Instructions for the task: Verbatim copy, images excluded: write out each record shown below.

=====

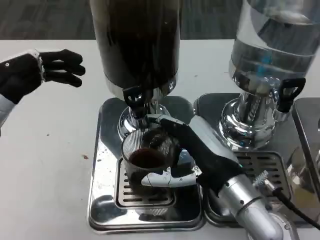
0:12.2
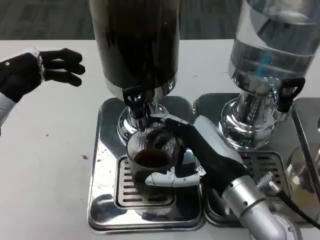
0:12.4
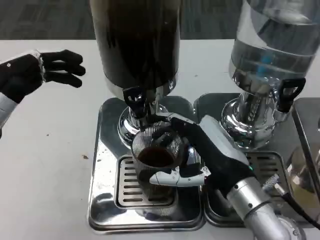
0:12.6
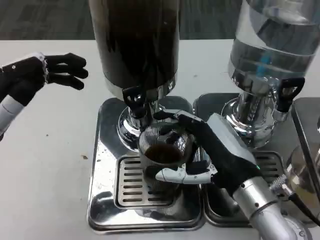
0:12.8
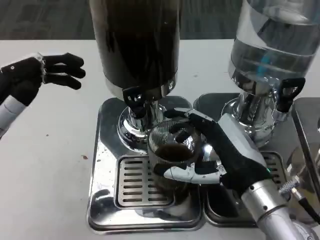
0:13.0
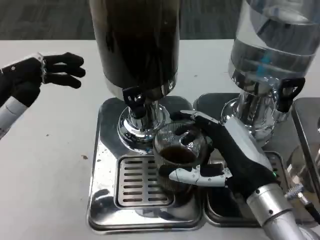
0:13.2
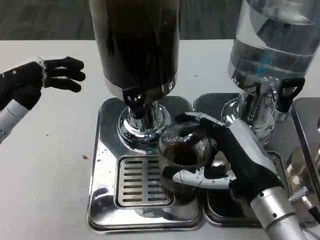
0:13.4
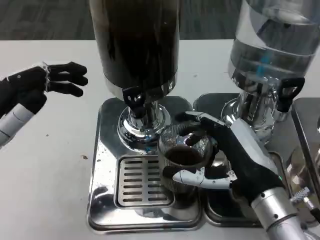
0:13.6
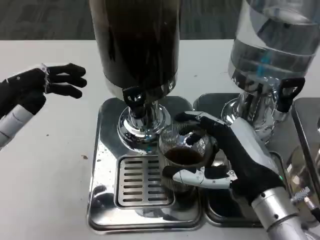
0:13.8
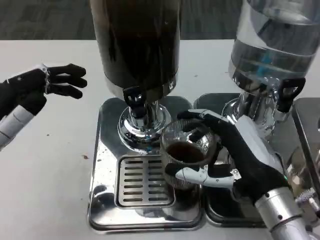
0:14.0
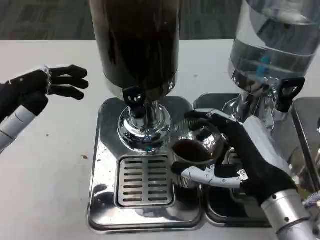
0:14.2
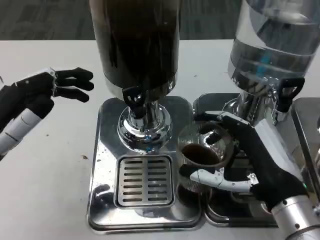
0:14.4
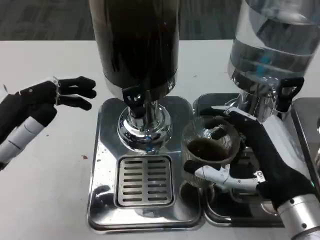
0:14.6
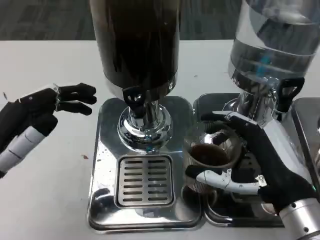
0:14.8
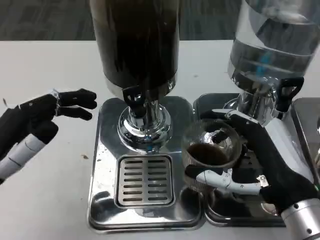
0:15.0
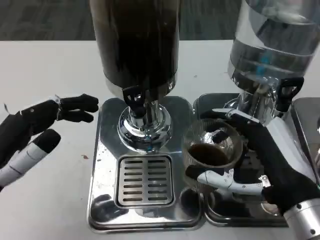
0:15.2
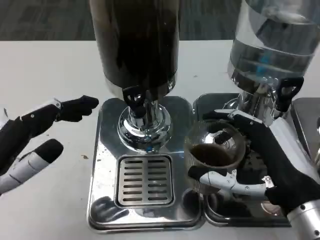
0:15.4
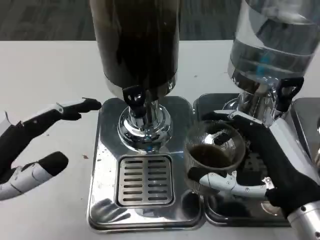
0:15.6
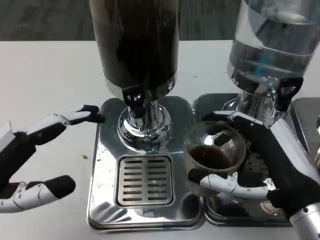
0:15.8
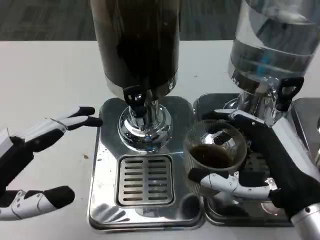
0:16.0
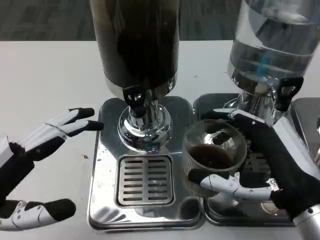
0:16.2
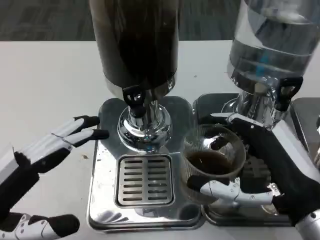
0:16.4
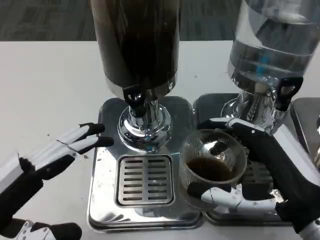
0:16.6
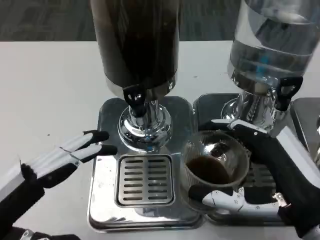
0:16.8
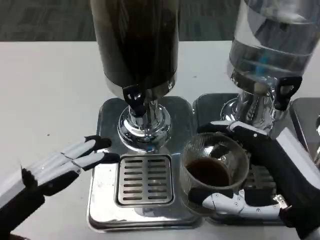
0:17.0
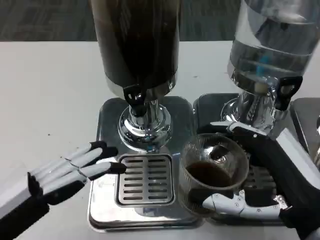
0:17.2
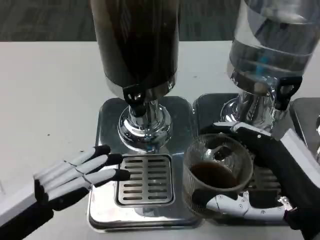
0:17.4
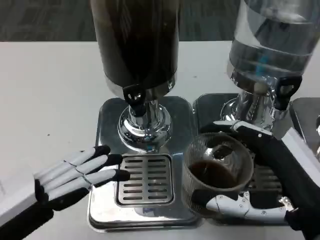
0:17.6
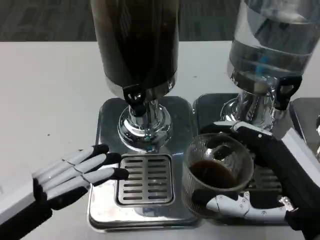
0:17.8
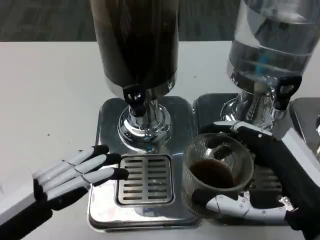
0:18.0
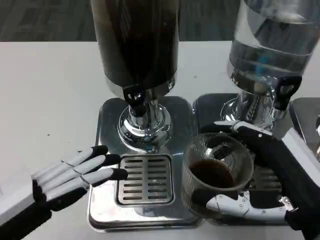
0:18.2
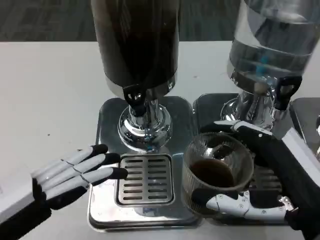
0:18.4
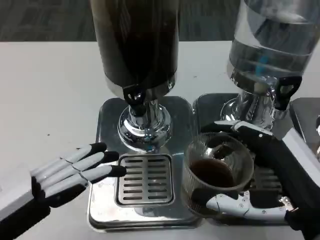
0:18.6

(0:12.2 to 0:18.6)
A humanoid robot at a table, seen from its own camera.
Task of the whole recording: Grasp the cup under the faucet to collect the drink, then remove the cup.
0:17.0 - 0:18.6: The hands make only small movements.

=====

Solution for this problem:
0:12.2
0:12.4
0:12.6
0:12.8
0:13.0
0:13.2
0:13.4
0:13.6
0:13.8
0:14.0
0:14.2
0:14.4
0:14.6
0:14.8
0:15.0
0:15.2
0:15.4
0:15.6
0:15.8
0:16.0
0:16.2
0:16.4
0:16.6
0:16.8
0:17.0
0:17.2
0:17.4
0:17.6
0:17.8
0:18.0
0:18.2
0:18.4
0:18.6

(0:12.2 to 0:18.6)
A humanoid robot at a table, seen from its own camera.
Task of the whole recording: Grasp the cup under the faucet to collect the drink, then remove the cup.
0:17.0 - 0:18.6: The hands make only small movements.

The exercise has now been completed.